The problem here is the text 'type' marker at the start of the file can be anything from 0 to 3 bytes long, making it a bit tricky to use with an arbitrary stream without either buffering the input or using a 'putback' mechanism. This is less of an issue with LoadText as it can do it messily/internally.

It's not impossible, just something we haven't got around too yet.


ziggy(Posted 2006) [#6]
why not adding this functionality to the TextStream? I think it will be very useful for those who are not familiar to text encoding:

Type TextFileReader
	Function CreateStream:TTextStream(url:Object,DetectEncoding:Int = True,ForceEncoding:Int = 0 )
		Local Stream:TStream=ReadStream(url) 'This is the base stream
		If Stream = Null Then Return Null 'Unable to open URL
		If detectencoding = False Then
			Local TStream:TTextStream=TTextStream.Create( Stream,forceencoding)
			Return TStream
		Else
			Local TStream:TTextStream=TTextStream.Create( Stream,EncodingDetector(url))
			Return TStream
		EndIf
		
	End Function
	Function EncodingDetector:Int(url:Object)
		Local format:Int = 0  'This is to store the encoding
		Local Stream:TStream=ReadStream(url) 'This is the base stream
		If not Stream.Eof() 'check if there is data to read
			Local c:Byte=Stream.ReadByte()
			If not Stream.Eof()
				Local d:Byte=Stream.ReadByte()  'Get the firt byte to get the encoding
				If c=$fe and d=$ff  'if its FF and FE (Big endian byte order)
					format=TTextStream.UTF16BE
				Else If c=$ff and d=$fe  'Little endian byte order
					format=TTextStream.UTF16LE
				Else If c=$ef and d=$bb
					If not Stream.Eof()
						Local e:Byte=Stream.ReadByte()
						If e=$bf format=TTextStream.UTF8
					EndIf
				EndIf
			EndIf
		EndIf
		Return format
	End Function
End Type


that's what I use to read from txt files, and it's a little adaptation of the official loadtext command.

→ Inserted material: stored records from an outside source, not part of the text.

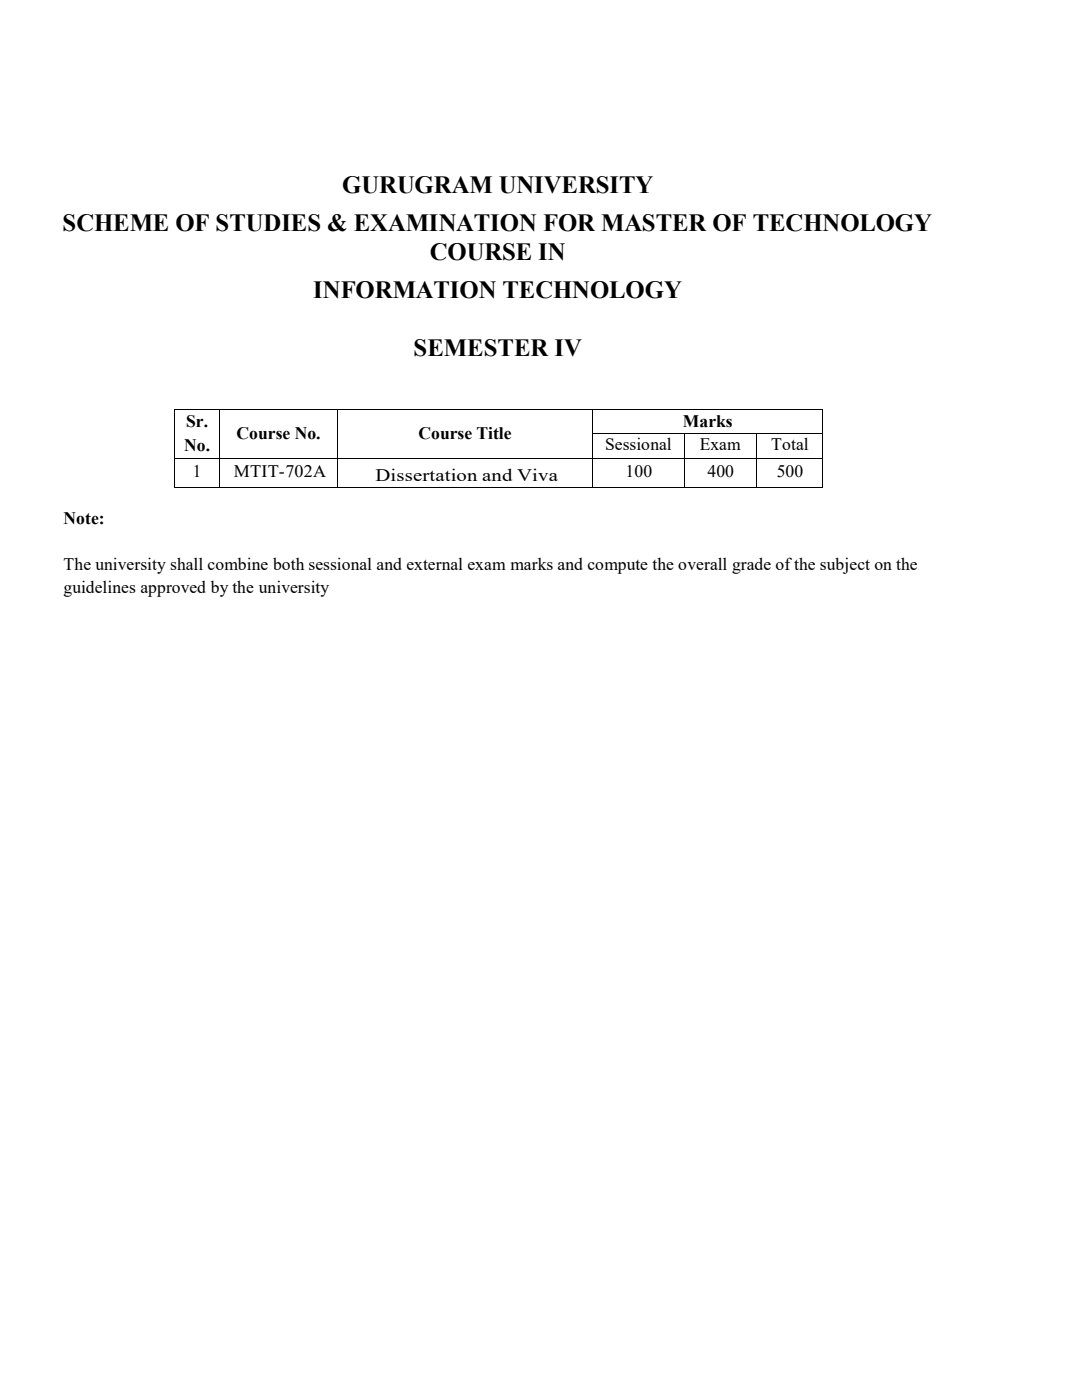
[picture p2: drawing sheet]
<svg xmlns="http://www.w3.org/2000/svg" width="216mm" height="279mm" viewBox="0 0 216 279" stroke-linecap="round" stroke-linejoin="round" font-family="sans-serif">
<defs><g id="words">
<g font-size="4.9">
<text x="68.3" y="38.6">GURUGRAM UNIVERSITY</text>
<text x="12.5" y="46.1">SCHEME OF STUDIES &amp; EXAMINATION FOR MASTER OF TECHNOLOGY</text>
<text x="85.7" y="52">COURSE IN</text>
<text x="62.5" y="59.4">INFORMATION TECHNOLOGY</text>
<text x="82.5" y="71">SEMESTER IV</text>
</g>
<g font-size="3.5">
<text x="36.8" y="89.9">No.</text>
<text x="37.1" y="85.2">Sr.</text>
<text x="47.2" y="87.5">Course No.</text>
<text x="83.5" y="87.5">Course Title</text>
<text x="120.8" y="89.9">Sessional</text>
<text x="136.3" y="85.1">Marks</text>
<text x="139.6" y="89.9">Exam</text>
<text x="153.9" y="89.9">Total</text>
<text x="38.4" y="95.1">1</text>
<text x="46.7" y="95.1">MTIT-702A</text>
<text x="124.8" y="95.1">100</text>
<text x="141.2" y="95.1">400</text>
<text x="155" y="95.1">500</text>
<text x="74.9" y="96">Dissertation and Viva</text>
<text x="12.7" y="104.5">Note:</text>
<text x="12.7" y="113.7">The university shall combine both sessional and external exam marks and compute the overall grade of the subject on the</text>
<text x="12.7" y="118.4">guidelines approved by the university</text>
</g>
</g></defs>
<g fill="#000">
<path d="M34.7 81.7h.1v.1h-.1z" fill-rule="evenodd"/>
<path d="M34.7 81.7h.1v.1h-.1z" fill-rule="evenodd"/>
<path d="M34.7 86.5h.1v.2h-.1z" fill-rule="evenodd"/>
<path d="M34.7 91.4h.1v.1h-.1z" fill-rule="evenodd"/>
<path d="M34.7 97.1h.1v.2h-.1z" fill-rule="evenodd"/>
<path d="M34.7 97.1h.1v.2h-.1z" fill-rule="evenodd"/>
<path d="M43.7 81.7h.2v.1h-.2z" fill-rule="evenodd"/>
<path d="M43.7 86.5h.2v.2h-.2z" fill-rule="evenodd"/>
<path d="M43.7 91.4h.2v.1h-.2z" fill-rule="evenodd"/>
<path d="M43.7 97.1h.2v.2h-.2z" fill-rule="evenodd"/>
<path d="M67.3 81.7h.2v.1h-.2z" fill-rule="evenodd"/>
<path d="M67.3 86.5h.2v.2h-.2z" fill-rule="evenodd"/>
<path d="M67.3 91.4h.2v.1h-.2z" fill-rule="evenodd"/>
<path d="M67.3 97.1h.2v.2h-.2z" fill-rule="evenodd"/>
<path d="M118.1 81.7h.2v.1h-.2z" fill-rule="evenodd"/>
<path d="M118.1 86.5h.2v.2h-.2z" fill-rule="evenodd"/>
<path d="M118.1 91.4h.2v.1h-.2z" fill-rule="evenodd"/>
<path d="M118.1 97.1h.2v.2h-.2z" fill-rule="evenodd"/>
<path d="M136.5 86.5h.2v.2h-.2z" fill-rule="evenodd"/>
<path d="M136.5 91.4h.2v.1h-.2z" fill-rule="evenodd"/>
<path d="M136.5 97.1h.2v.2h-.2z" fill-rule="evenodd"/>
<path d="M150.8 86.5h.1v.2h-.1z" fill-rule="evenodd"/>
<path d="M150.8 91.4h.1v.1h-.1z" fill-rule="evenodd"/>
<path d="M150.8 97.1h.1v.2h-.1z" fill-rule="evenodd"/>
<path d="M164.1 81.7h.2v.1h-.2z" fill-rule="evenodd"/>
<path d="M164.1 81.7h.2v.1h-.2z" fill-rule="evenodd"/>
<path d="M164.1 86.5h.2v.2h-.2z" fill-rule="evenodd"/>
<path d="M164.1 91.4h.2v.1h-.2z" fill-rule="evenodd"/>
<path d="M164.1 97.1h.2v.2h-.2z" fill-rule="evenodd"/>
<path d="M164.1 97.1h.2v.2h-.2z" fill-rule="evenodd"/>
</g>
<g fill="none" stroke="#000" stroke-width=".2">
<path d="M34.8 81.8v4.7M34.8 86.7v4.7M34.8 91.5v5.6M34.8 81.8h8.9M34.8 91.5h8.9M34.8 97.2h8.9M43.8 81.8v4.7M43.8 86.7v4.7M43.8 91.5v5.6M43.9 81.8h23.4M43.9 91.5h23.4M43.9 97.2h23.4"/>
<path d="M67.4 81.8v4.7M67.4 86.7v4.7M67.4 91.5v5.6M67.5 81.8h50.6M67.5 91.5h50.6M67.5 97.2h50.6M118.2 81.8v4.7M118.2 86.7v4.7M118.2 91.5v5.6M118.3 81.8h45.8M118.3 86.6h18.2M118.3 91.5h18.2"/>
<path d="M118.3 97.2h18.2M136.6 86.7v4.7M136.6 91.5v5.6M136.7 86.6h14.1M136.7 91.5h14.1M136.7 97.2h14.1M150.9 86.7v4.7M150.9 91.5v5.6M150.9 86.6h13.2M150.9 91.5h13.2M150.9 97.2h13.2M164.2 81.8v4.7"/>
<path d="M164.2 86.7v4.7M164.2 91.5v5.6"/>
</g>
<use href="#words"/>
</svg>

hope you'll find it useful.


Yan(Posted 2006) [#7]
Wouldn't you need something like...
Function EncodingDetector:Int(url:Object)
  
  ...ETC...
  
  If format = Null
    format = TTextStream.LATIN1
    Stream.Seek(0) 'this won't work on an unbuffered serial stream
  EndIf

  Return format
End Function
...too?

I presume this is what Mark was talking about when he said...
making it a bit tricky to use with an arbitrary stream without either buffering the input or using a 'putback' mechanism



ziggy(Posted 2006) [#8]
@Yan: Format never gets null, it's a Integer, and it's started with value 0 (LATIN1)
Ah, and yes, this will only work on seekable streams, but non seekable streams don't usualy have a byte order mark at it's begining.

what about this?

Function EncodingDetector:Int(url:Object)
  
  ...ETC...
  
  If format = 0
    try
        Stream.Seek(0) 'this will only work on an unbuffered serial stream
    catch err$
    end try
  EndIf

  Return format
End Function



Yan(Posted 2006) [#9]
1) In BMax Null = 0 for integers.
2) TTextStream.LATIN1 = 1
C) I think you're missing the point!


ziggy(Posted 2006) [#10]
@Yan: this code needs to start format = 1 instead of 0, you're right. But for anything else, I think is a quite usable routine. I will give it a deep try and let everybody know any prob using it.